Transformations of variables, scales and coordinates in ggplot2
I am working on a short introduction to the Grammar of Graphics and its implementation in the ggplot2 package. Process of systematization of the elements of syntax reveals various ‘spices’ of ggplot2 and today I will talk about one of them, namely about application of transformations to diagrams.
Let us start with a chart without any transformations at all. As an example we’ll use the famous iris dataset. On our diagram we’ll draw points (geom_point) and the linear regression line (geom_smooth).
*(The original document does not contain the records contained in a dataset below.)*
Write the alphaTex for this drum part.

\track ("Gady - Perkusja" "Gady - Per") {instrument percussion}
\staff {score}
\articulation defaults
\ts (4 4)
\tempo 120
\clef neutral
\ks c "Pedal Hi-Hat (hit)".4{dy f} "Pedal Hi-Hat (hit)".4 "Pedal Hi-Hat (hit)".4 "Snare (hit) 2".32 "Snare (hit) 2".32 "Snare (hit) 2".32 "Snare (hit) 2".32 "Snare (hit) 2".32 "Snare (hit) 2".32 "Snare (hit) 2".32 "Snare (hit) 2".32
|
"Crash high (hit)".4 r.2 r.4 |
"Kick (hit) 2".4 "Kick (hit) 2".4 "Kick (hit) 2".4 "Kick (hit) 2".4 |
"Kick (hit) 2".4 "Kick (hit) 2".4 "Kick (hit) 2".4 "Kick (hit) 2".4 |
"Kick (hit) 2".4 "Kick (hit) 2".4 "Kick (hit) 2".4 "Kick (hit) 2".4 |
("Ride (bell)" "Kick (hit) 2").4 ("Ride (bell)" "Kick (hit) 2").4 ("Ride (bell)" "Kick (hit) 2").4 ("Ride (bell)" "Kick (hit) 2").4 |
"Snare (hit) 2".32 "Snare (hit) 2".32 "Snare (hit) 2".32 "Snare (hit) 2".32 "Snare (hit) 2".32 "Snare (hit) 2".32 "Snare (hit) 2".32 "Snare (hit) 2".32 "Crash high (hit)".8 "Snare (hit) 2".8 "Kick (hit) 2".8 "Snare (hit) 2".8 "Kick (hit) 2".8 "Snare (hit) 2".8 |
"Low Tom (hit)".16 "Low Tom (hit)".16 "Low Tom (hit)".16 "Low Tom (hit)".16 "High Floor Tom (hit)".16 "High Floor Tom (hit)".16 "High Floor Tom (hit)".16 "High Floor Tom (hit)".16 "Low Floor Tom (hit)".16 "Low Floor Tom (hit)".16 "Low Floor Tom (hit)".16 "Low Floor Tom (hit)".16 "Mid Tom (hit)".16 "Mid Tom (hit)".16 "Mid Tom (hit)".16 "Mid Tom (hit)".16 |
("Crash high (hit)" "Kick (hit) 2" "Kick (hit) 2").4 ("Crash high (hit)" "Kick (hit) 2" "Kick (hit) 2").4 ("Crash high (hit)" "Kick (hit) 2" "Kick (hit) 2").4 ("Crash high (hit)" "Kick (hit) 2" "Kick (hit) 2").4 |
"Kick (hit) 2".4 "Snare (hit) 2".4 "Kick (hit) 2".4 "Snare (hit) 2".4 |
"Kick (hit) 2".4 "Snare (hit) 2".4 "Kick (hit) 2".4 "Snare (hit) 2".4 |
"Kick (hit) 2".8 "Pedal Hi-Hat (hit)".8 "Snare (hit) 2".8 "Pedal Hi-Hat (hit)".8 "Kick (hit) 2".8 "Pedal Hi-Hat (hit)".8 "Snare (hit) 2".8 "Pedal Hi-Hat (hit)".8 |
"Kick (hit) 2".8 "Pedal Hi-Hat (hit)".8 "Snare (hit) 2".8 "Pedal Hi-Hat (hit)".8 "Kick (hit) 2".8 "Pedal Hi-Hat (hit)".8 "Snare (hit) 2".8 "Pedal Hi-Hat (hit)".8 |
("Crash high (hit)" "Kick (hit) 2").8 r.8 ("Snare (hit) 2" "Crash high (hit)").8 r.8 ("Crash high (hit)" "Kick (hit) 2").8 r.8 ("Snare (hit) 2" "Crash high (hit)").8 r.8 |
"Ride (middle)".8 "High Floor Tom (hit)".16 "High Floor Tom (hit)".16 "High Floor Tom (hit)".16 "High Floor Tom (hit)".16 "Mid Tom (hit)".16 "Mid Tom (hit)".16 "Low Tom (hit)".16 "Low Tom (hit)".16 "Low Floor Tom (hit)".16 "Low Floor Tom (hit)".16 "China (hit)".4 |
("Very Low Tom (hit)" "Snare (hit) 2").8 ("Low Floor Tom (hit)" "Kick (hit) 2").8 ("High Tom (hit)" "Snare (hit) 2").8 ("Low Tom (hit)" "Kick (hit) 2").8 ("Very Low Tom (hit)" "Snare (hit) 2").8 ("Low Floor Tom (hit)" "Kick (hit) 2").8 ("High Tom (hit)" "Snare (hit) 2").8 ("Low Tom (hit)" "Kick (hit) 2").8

library(ggplot2) # Hook: # archivist::aread("pbiecek/Eseje/arepo/0fc9e4e43559336a44598117911f2e4f") ggplot(iris, aes(Sepal.Length, Petal.Length)) + geom_point() + geom_smooth(se=FALSE, method="lm") + theme_bw()
Let us check how this relationship looks like after the logarithmic transformation. The ggplot2 package allows for transformations at three levels: transformations of the variables, of the scale and of the coordinate system. In a moment we will see what are the differences between these transformations and how to perform them.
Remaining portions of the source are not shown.